▸ Required action
The answer must be an exact copy of every entry, with no pictures in it.

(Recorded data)

= = = = =

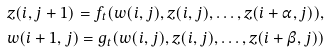<formula> <loc_0><loc_0><loc_500><loc_500>& z ( i , j + 1 ) = f _ { t } ( w ( i , j ) , z ( i , j ) , \dots , z ( i + \alpha , j ) ) , \\ & w ( i + 1 , j ) = g _ { t } ( w ( i , j ) , z ( i , j ) , \dots , z ( i + \beta , j ) )</formula> 
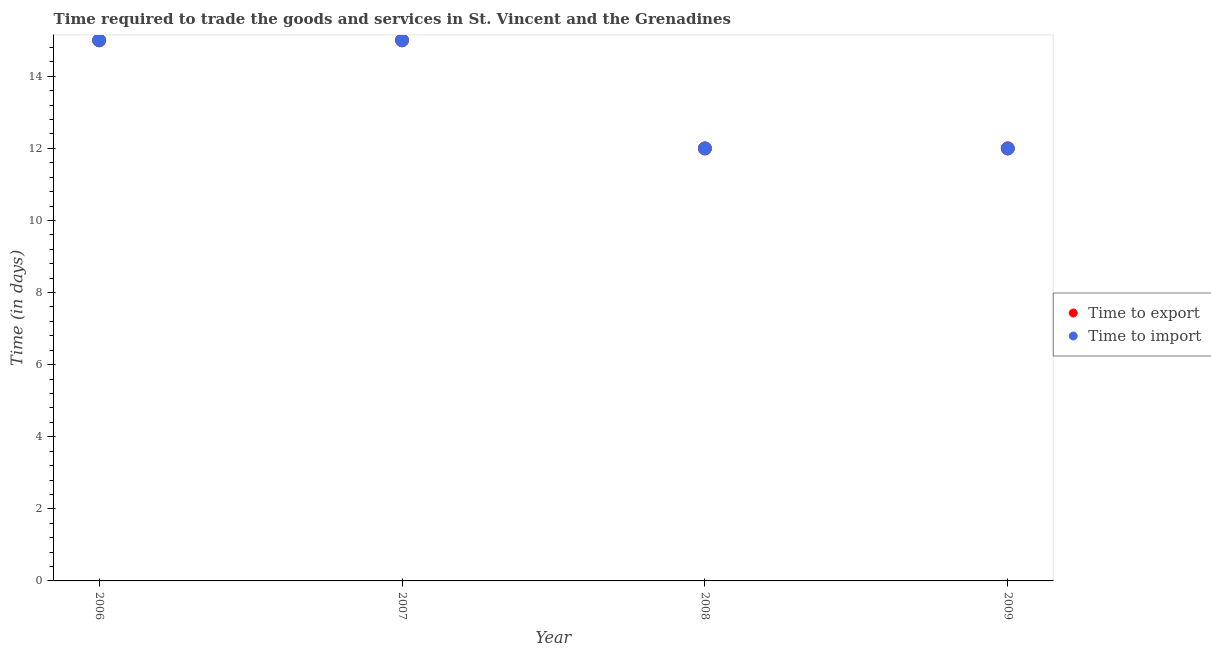What is the time to import in 2006?
Keep it short and to the point. 15. Across all years, what is the maximum time to import?
Your answer should be very brief. 15. Across all years, what is the minimum time to import?
Ensure brevity in your answer.  12. What is the total time to import in the graph?
Your answer should be compact. 54. What is the difference between the time to import in 2009 and the time to export in 2008?
Keep it short and to the point. 0. Is the difference between the time to export in 2006 and 2008 greater than the difference between the time to import in 2006 and 2008?
Offer a very short reply. No. What is the difference between the highest and the second highest time to import?
Make the answer very short. 0. What is the difference between the highest and the lowest time to import?
Keep it short and to the point. 3. Is the sum of the time to import in 2006 and 2009 greater than the maximum time to export across all years?
Make the answer very short. Yes. Does the time to export monotonically increase over the years?
Provide a succinct answer. No. How many years are there in the graph?
Offer a very short reply. 4. What is the difference between two consecutive major ticks on the Y-axis?
Make the answer very short. 2. Does the graph contain any zero values?
Your response must be concise. No. Where does the legend appear in the graph?
Ensure brevity in your answer.  Center right. How many legend labels are there?
Provide a succinct answer. 2. What is the title of the graph?
Your answer should be compact. Time required to trade the goods and services in St. Vincent and the Grenadines. Does "Mineral" appear as one of the legend labels in the graph?
Keep it short and to the point. No. What is the label or title of the Y-axis?
Provide a short and direct response. Time (in days). What is the Time (in days) of Time to import in 2006?
Offer a very short reply. 15. What is the Time (in days) of Time to export in 2007?
Offer a very short reply. 15. What is the Time (in days) of Time to import in 2007?
Your answer should be compact. 15. What is the Time (in days) in Time to import in 2008?
Give a very brief answer. 12. What is the Time (in days) in Time to import in 2009?
Keep it short and to the point. 12. Across all years, what is the minimum Time (in days) of Time to export?
Offer a terse response. 12. What is the total Time (in days) in Time to export in the graph?
Keep it short and to the point. 54. What is the difference between the Time (in days) of Time to export in 2006 and that in 2007?
Provide a succinct answer. 0. What is the difference between the Time (in days) in Time to import in 2006 and that in 2007?
Keep it short and to the point. 0. What is the difference between the Time (in days) in Time to export in 2006 and that in 2008?
Provide a short and direct response. 3. What is the difference between the Time (in days) of Time to import in 2006 and that in 2009?
Ensure brevity in your answer.  3. What is the difference between the Time (in days) in Time to import in 2007 and that in 2009?
Make the answer very short. 3. What is the difference between the Time (in days) of Time to export in 2008 and that in 2009?
Provide a succinct answer. 0. What is the difference between the Time (in days) of Time to import in 2008 and that in 2009?
Provide a short and direct response. 0. What is the difference between the Time (in days) of Time to export in 2006 and the Time (in days) of Time to import in 2007?
Your answer should be very brief. 0. What is the difference between the Time (in days) of Time to export in 2006 and the Time (in days) of Time to import in 2008?
Offer a terse response. 3. What is the difference between the Time (in days) of Time to export in 2008 and the Time (in days) of Time to import in 2009?
Offer a very short reply. 0. What is the average Time (in days) of Time to export per year?
Provide a succinct answer. 13.5. What is the average Time (in days) of Time to import per year?
Your response must be concise. 13.5. In the year 2006, what is the difference between the Time (in days) in Time to export and Time (in days) in Time to import?
Provide a short and direct response. 0. In the year 2007, what is the difference between the Time (in days) in Time to export and Time (in days) in Time to import?
Ensure brevity in your answer.  0. What is the ratio of the Time (in days) in Time to export in 2006 to that in 2007?
Your answer should be very brief. 1. What is the ratio of the Time (in days) of Time to import in 2006 to that in 2007?
Offer a terse response. 1. What is the ratio of the Time (in days) in Time to import in 2006 to that in 2008?
Provide a short and direct response. 1.25. What is the ratio of the Time (in days) of Time to export in 2006 to that in 2009?
Offer a terse response. 1.25. What is the ratio of the Time (in days) in Time to import in 2006 to that in 2009?
Keep it short and to the point. 1.25. What is the ratio of the Time (in days) in Time to export in 2007 to that in 2008?
Provide a short and direct response. 1.25. What is the ratio of the Time (in days) of Time to import in 2007 to that in 2008?
Your answer should be compact. 1.25. What is the ratio of the Time (in days) of Time to export in 2007 to that in 2009?
Your answer should be very brief. 1.25. What is the difference between the highest and the second highest Time (in days) of Time to export?
Provide a short and direct response. 0. What is the difference between the highest and the second highest Time (in days) in Time to import?
Provide a succinct answer. 0. What is the difference between the highest and the lowest Time (in days) in Time to export?
Give a very brief answer. 3. What is the difference between the highest and the lowest Time (in days) of Time to import?
Provide a short and direct response. 3.

= = = = =

▸ Exercise answer
<formula> <loc_0><loc_0><loc_500><loc_500>& z ( i , j + 1 ) = f _ { t } ( w ( i , j ) , z ( i , j ) , \dots , z ( i + \alpha , j ) ) , \\ & w ( i + 1 , j ) = g _ { t } ( w ( i , j ) , z ( i , j ) , \dots , z ( i + \beta , j ) )</formula> 
What is the time to import in 2006?
Keep it short and to the point. 15. Across all years, what is the maximum time to import?
Your answer should be very brief. 15. Across all years, what is the minimum time to import?
Ensure brevity in your answer.  12. What is the total time to import in the graph?
Your answer should be compact. 54. What is the difference between the time to import in 2009 and the time to export in 2008?
Keep it short and to the point. 0. Is the difference between the time to export in 2006 and 2008 greater than the difference between the time to import in 2006 and 2008?
Offer a very short reply. No. What is the difference between the highest and the second highest time to import?
Make the answer very short. 0. What is the difference between the highest and the lowest time to import?
Keep it short and to the point. 3. Is the sum of the time to import in 2006 and 2009 greater than the maximum time to export across all years?
Make the answer very short. Yes. Does the time to export monotonically increase over the years?
Provide a succinct answer. No. How many years are there in the graph?
Offer a very short reply. 4. What is the difference between two consecutive major ticks on the Y-axis?
Make the answer very short. 2. Does the graph contain any zero values?
Your response must be concise. No. Where does the legend appear in the graph?
Ensure brevity in your answer.  Center right. How many legend labels are there?
Provide a succinct answer. 2. What is the title of the graph?
Your answer should be compact. Time required to trade the goods and services in St. Vincent and the Grenadines. Does "Mineral" appear as one of the legend labels in the graph?
Keep it short and to the point. No. What is the label or title of the Y-axis?
Provide a short and direct response. Time (in days). What is the Time (in days) of Time to import in 2006?
Offer a very short reply. 15. What is the Time (in days) of Time to export in 2007?
Offer a very short reply. 15. What is the Time (in days) of Time to import in 2007?
Your answer should be compact. 15. What is the Time (in days) in Time to import in 2008?
Give a very brief answer. 12. What is the Time (in days) in Time to import in 2009?
Keep it short and to the point. 12. Across all years, what is the minimum Time (in days) of Time to export?
Offer a terse response. 12. What is the total Time (in days) in Time to export in the graph?
Keep it short and to the point. 54. What is the difference between the Time (in days) of Time to export in 2006 and that in 2007?
Provide a succinct answer. 0. What is the difference between the Time (in days) in Time to import in 2006 and that in 2007?
Keep it short and to the point. 0. What is the difference between the Time (in days) in Time to export in 2006 and that in 2008?
Provide a short and direct response. 3. What is the difference between the Time (in days) of Time to import in 2006 and that in 2009?
Ensure brevity in your answer.  3. What is the difference between the Time (in days) in Time to import in 2007 and that in 2009?
Make the answer very short. 3. What is the difference between the Time (in days) of Time to export in 2008 and that in 2009?
Provide a succinct answer. 0. What is the difference between the Time (in days) of Time to import in 2008 and that in 2009?
Provide a short and direct response. 0. What is the difference between the Time (in days) of Time to export in 2006 and the Time (in days) of Time to import in 2007?
Your answer should be very brief. 0. What is the difference between the Time (in days) of Time to export in 2006 and the Time (in days) of Time to import in 2008?
Offer a terse response. 3. What is the difference between the Time (in days) of Time to export in 2008 and the Time (in days) of Time to import in 2009?
Offer a very short reply. 0. What is the average Time (in days) of Time to export per year?
Provide a succinct answer. 13.5. What is the average Time (in days) of Time to import per year?
Your response must be concise. 13.5. In the year 2006, what is the difference between the Time (in days) in Time to export and Time (in days) in Time to import?
Provide a short and direct response. 0. In the year 2007, what is the difference between the Time (in days) in Time to export and Time (in days) in Time to import?
Ensure brevity in your answer.  0. What is the ratio of the Time (in days) in Time to export in 2006 to that in 2007?
Your answer should be very brief. 1. What is the ratio of the Time (in days) of Time to import in 2006 to that in 2007?
Offer a terse response. 1. What is the ratio of the Time (in days) in Time to import in 2006 to that in 2008?
Provide a short and direct response. 1.25. What is the ratio of the Time (in days) of Time to export in 2006 to that in 2009?
Offer a terse response. 1.25. What is the ratio of the Time (in days) in Time to import in 2006 to that in 2009?
Keep it short and to the point. 1.25. What is the ratio of the Time (in days) in Time to export in 2007 to that in 2008?
Provide a short and direct response. 1.25. What is the ratio of the Time (in days) of Time to import in 2007 to that in 2008?
Your answer should be compact. 1.25. What is the ratio of the Time (in days) of Time to export in 2007 to that in 2009?
Your answer should be very brief. 1.25. What is the difference between the highest and the second highest Time (in days) of Time to export?
Provide a short and direct response. 0. What is the difference between the highest and the second highest Time (in days) in Time to import?
Provide a succinct answer. 0. What is the difference between the highest and the lowest Time (in days) in Time to export?
Give a very brief answer. 3. What is the difference between the highest and the lowest Time (in days) of Time to import?
Provide a short and direct response. 3.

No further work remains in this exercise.